═════ Information ═════
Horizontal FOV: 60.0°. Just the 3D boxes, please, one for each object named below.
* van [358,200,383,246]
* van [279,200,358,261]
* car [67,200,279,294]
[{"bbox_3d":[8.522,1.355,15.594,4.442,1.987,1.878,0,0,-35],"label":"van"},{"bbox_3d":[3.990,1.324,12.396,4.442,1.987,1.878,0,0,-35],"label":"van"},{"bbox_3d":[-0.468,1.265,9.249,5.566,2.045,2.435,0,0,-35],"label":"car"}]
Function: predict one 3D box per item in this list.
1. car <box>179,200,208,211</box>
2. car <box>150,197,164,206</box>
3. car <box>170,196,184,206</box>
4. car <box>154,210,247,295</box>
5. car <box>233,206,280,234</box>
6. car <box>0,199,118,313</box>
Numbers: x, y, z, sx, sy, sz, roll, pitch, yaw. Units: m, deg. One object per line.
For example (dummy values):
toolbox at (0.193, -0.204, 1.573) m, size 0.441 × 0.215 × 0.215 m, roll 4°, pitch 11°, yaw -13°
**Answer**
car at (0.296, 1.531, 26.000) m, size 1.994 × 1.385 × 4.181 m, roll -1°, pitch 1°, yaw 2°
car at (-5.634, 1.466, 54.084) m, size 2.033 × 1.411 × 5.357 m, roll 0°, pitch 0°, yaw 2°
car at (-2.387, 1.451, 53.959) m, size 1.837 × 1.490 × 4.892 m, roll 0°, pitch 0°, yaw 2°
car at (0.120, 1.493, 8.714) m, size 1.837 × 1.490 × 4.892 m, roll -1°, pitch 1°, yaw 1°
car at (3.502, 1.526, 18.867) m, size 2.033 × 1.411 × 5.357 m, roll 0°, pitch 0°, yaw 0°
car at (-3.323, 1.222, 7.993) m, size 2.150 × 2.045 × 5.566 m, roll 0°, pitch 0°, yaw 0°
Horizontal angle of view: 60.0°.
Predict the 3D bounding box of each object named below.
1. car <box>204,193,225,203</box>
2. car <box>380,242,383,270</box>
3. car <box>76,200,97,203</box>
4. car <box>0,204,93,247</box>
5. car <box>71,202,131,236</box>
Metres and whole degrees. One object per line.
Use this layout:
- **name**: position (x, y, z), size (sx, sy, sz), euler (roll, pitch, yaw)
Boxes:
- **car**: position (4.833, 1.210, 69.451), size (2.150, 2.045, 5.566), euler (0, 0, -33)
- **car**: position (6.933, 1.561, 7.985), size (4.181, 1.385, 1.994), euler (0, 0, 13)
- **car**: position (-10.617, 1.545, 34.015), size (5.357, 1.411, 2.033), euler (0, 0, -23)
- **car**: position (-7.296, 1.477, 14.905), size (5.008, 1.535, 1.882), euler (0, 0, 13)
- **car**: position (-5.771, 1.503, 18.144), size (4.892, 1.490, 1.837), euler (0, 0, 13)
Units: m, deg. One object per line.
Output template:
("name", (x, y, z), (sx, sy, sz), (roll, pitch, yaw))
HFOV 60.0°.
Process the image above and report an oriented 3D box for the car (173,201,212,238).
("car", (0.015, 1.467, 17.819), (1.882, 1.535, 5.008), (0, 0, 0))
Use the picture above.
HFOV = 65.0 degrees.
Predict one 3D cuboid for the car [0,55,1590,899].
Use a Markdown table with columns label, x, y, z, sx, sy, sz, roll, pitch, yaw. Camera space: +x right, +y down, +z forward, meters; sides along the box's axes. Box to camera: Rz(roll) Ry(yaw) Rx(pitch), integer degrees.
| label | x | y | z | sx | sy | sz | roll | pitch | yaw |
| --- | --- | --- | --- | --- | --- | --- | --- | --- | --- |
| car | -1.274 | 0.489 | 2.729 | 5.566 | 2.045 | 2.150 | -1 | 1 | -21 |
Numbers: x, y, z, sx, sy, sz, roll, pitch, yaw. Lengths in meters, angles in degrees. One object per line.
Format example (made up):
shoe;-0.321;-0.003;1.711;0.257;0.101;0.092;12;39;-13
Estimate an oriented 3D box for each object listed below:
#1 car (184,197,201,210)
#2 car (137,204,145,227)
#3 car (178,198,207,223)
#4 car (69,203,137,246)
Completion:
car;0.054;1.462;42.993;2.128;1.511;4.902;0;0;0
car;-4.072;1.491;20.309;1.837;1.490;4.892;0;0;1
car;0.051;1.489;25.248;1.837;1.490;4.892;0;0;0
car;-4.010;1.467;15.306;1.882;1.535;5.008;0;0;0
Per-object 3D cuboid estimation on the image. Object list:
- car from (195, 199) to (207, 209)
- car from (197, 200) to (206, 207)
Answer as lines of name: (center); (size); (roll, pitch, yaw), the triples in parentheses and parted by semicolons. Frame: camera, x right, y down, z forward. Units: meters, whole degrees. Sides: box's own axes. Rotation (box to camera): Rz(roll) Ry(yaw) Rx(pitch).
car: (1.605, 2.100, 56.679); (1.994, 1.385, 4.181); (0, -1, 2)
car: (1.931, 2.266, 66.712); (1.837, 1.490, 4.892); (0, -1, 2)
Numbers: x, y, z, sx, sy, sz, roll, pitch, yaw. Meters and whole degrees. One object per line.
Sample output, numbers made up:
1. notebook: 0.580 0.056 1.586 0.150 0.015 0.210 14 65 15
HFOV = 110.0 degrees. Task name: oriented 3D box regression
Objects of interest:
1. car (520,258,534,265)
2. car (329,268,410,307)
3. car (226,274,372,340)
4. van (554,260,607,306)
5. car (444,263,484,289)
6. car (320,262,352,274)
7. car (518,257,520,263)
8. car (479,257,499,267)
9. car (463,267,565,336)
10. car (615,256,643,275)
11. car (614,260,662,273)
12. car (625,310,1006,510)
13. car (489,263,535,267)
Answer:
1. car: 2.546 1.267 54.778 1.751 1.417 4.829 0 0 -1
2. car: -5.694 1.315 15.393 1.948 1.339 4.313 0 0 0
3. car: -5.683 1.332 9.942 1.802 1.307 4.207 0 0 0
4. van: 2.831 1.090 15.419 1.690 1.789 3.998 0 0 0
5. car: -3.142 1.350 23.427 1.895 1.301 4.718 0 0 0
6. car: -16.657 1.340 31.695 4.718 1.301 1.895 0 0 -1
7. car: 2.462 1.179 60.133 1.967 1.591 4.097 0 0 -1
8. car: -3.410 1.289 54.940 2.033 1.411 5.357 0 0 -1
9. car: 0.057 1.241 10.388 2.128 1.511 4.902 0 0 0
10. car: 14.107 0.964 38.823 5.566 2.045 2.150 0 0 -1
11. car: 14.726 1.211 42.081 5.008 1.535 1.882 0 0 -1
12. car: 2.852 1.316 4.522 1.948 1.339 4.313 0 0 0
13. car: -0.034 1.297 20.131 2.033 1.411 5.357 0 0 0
═════
→ Task details: Wherever a line in the entries holds "example", copy that line.

→ Answer to the problem:
For example (dummy values):
Format example (made up):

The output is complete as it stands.